● **Aim of the task**:
Work out how many lines in the entries below include the word "section". Give nothing but the number.

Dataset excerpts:
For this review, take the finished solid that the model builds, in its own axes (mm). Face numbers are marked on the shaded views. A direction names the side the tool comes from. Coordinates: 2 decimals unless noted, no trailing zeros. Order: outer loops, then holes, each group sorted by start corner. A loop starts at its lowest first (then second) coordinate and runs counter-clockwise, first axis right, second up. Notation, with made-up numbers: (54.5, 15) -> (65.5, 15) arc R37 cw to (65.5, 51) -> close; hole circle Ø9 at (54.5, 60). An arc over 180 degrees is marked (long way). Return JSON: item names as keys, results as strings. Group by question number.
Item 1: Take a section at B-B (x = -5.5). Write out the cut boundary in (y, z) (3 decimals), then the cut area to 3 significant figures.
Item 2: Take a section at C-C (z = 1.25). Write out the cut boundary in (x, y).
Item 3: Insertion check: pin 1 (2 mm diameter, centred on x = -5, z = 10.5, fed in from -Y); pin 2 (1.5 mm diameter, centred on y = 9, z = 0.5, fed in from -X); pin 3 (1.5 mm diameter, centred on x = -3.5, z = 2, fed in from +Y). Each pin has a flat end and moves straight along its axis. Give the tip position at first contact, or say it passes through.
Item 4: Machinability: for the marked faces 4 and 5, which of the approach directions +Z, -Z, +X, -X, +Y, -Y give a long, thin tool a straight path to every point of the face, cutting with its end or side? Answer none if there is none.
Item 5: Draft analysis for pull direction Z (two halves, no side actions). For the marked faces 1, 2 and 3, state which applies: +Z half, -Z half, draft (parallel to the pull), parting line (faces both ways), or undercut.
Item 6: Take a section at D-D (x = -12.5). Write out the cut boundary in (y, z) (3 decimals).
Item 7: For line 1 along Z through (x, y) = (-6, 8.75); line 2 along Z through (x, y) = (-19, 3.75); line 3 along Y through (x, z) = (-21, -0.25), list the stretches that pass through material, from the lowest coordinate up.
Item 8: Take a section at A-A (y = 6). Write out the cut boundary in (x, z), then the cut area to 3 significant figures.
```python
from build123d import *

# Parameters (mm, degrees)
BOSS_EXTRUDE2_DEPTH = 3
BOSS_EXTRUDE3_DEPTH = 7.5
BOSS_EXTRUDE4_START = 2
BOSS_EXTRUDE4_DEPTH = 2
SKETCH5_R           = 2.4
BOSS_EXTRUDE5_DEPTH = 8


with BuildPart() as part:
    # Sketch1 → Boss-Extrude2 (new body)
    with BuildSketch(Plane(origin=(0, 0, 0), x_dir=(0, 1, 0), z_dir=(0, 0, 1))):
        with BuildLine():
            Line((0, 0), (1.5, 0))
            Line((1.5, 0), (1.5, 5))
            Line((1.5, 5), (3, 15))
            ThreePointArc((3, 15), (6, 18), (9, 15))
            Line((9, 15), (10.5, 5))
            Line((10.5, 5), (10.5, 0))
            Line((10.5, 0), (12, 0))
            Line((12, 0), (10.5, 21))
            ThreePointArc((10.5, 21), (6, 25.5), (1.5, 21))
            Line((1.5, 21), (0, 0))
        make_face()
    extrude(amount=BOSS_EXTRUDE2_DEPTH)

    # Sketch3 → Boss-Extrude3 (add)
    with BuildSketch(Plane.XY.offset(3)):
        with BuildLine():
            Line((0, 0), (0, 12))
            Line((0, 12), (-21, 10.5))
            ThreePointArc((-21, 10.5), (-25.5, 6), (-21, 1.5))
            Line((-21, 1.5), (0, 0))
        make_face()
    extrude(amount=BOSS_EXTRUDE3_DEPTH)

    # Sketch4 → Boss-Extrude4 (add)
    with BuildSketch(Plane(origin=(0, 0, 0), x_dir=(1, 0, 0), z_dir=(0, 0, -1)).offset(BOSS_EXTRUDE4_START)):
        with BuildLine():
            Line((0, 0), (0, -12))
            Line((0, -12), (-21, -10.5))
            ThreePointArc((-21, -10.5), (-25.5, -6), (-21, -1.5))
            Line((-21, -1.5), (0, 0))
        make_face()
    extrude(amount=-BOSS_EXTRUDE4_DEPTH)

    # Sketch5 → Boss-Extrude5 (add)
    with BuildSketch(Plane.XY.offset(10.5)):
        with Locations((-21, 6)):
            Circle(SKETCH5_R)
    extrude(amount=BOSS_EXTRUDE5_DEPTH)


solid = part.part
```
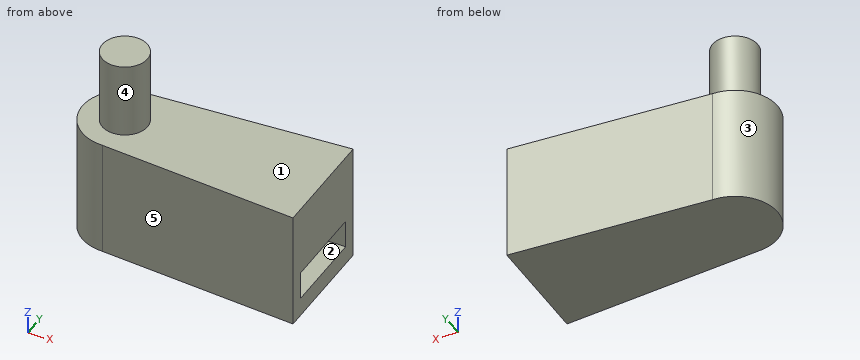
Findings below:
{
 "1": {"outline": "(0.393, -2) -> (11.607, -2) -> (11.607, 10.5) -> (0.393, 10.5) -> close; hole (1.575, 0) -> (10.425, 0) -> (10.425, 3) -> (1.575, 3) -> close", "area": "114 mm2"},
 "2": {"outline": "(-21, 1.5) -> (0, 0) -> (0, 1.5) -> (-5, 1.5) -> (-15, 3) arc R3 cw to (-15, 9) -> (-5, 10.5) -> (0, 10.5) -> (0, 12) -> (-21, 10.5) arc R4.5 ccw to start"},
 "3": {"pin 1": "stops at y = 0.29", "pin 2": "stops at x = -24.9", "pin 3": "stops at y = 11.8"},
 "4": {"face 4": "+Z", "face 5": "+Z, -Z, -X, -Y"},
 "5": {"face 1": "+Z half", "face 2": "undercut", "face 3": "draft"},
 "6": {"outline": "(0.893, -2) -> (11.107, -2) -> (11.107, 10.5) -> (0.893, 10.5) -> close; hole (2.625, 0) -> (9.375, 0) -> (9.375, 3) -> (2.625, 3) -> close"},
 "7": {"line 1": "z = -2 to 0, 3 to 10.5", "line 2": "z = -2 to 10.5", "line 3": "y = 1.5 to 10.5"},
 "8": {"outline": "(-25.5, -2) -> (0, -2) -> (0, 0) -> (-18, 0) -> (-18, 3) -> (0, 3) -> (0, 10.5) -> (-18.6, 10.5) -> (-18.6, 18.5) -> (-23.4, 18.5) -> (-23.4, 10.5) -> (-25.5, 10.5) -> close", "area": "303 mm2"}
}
==
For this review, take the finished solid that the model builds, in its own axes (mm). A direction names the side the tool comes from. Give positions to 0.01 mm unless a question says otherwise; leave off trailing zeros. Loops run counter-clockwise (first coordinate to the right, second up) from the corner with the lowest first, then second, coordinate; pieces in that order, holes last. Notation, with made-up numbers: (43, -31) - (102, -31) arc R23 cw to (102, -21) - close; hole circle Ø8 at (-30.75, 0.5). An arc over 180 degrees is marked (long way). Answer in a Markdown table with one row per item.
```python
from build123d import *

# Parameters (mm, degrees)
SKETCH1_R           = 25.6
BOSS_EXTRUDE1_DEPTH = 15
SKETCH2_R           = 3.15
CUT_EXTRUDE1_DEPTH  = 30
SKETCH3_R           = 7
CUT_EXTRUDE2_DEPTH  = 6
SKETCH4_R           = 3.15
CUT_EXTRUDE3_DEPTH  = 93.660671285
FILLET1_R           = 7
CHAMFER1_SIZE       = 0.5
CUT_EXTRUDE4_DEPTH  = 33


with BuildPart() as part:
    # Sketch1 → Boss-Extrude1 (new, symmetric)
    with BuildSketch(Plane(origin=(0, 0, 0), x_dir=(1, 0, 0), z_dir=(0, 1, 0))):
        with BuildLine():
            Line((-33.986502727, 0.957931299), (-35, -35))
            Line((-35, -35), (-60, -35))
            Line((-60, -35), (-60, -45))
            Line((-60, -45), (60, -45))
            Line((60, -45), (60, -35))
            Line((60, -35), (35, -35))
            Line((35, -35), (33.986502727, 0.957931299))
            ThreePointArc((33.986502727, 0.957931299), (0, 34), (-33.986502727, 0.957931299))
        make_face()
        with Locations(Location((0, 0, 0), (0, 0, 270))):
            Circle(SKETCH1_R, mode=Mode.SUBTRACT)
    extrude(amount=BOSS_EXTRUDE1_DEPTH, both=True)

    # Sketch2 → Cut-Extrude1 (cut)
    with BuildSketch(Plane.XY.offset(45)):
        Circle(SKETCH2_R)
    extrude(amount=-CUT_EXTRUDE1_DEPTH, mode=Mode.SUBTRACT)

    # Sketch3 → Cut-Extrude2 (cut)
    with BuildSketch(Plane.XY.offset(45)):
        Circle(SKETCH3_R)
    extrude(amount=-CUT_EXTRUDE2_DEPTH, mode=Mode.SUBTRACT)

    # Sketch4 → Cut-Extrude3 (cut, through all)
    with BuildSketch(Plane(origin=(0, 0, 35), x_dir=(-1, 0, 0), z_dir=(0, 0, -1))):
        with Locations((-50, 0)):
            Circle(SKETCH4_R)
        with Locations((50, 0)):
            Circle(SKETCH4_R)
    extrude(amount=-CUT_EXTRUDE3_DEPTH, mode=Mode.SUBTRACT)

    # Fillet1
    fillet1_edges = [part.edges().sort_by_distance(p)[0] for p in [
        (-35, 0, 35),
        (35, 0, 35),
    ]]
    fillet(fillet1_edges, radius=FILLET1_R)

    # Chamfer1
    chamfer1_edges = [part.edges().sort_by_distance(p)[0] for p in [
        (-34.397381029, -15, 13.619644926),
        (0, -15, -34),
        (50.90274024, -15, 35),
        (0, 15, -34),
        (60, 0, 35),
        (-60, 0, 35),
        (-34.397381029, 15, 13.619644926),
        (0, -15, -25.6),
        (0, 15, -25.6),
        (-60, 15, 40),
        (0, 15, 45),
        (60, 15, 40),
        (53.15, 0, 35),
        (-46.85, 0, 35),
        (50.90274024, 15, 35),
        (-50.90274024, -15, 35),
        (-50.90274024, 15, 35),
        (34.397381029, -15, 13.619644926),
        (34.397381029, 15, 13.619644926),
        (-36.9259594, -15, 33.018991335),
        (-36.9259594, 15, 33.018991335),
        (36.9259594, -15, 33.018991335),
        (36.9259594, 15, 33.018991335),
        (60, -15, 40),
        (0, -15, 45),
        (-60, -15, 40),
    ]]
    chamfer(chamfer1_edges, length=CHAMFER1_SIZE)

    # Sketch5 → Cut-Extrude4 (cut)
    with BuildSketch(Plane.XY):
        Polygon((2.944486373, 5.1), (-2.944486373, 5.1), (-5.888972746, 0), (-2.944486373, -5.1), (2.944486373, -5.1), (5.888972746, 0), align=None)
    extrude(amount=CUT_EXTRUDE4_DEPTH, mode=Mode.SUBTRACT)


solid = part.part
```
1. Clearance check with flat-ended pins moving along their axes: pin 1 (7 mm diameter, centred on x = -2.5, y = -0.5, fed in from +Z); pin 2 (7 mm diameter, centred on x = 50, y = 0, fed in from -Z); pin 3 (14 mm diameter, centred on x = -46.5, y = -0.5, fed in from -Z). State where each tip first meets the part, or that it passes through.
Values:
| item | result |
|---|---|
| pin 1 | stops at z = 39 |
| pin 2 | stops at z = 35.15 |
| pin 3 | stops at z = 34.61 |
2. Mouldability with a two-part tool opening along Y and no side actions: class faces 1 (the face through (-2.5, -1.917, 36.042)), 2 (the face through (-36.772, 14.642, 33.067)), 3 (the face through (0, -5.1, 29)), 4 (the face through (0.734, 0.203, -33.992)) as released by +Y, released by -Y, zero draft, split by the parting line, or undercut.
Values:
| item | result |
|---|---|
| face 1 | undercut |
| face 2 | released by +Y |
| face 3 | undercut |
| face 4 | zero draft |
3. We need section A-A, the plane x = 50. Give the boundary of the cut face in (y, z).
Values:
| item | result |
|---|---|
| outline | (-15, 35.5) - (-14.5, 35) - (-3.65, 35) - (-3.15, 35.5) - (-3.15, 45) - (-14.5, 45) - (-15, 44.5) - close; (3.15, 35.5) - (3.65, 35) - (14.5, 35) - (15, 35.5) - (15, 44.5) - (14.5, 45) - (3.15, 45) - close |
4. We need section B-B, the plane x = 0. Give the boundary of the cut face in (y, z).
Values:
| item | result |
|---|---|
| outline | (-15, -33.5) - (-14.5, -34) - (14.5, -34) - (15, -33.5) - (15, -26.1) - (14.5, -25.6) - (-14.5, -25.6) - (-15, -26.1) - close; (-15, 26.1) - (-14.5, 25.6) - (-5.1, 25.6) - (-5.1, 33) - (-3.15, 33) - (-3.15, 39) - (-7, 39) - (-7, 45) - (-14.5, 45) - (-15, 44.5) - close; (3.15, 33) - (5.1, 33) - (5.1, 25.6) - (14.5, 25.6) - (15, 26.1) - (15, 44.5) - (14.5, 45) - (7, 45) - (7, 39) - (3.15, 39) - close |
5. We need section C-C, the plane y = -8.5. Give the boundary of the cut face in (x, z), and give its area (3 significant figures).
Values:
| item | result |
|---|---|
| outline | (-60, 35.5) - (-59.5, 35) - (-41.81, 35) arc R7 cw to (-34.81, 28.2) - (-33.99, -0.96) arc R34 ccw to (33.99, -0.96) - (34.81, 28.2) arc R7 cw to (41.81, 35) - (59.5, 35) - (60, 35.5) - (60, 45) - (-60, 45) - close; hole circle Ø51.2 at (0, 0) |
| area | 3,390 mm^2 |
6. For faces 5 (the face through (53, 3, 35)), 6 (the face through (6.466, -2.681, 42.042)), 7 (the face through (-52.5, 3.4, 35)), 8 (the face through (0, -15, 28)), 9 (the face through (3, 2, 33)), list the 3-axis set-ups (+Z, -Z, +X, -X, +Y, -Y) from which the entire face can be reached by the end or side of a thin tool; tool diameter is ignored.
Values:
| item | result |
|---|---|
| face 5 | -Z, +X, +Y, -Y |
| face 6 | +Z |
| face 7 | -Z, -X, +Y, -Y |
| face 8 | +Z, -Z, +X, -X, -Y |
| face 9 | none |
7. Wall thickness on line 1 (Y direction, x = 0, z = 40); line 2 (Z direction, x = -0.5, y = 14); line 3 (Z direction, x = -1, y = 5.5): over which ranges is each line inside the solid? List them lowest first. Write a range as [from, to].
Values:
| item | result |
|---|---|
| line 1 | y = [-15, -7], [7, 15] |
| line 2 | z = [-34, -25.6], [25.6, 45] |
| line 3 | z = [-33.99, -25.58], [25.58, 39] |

● **Reply**:
7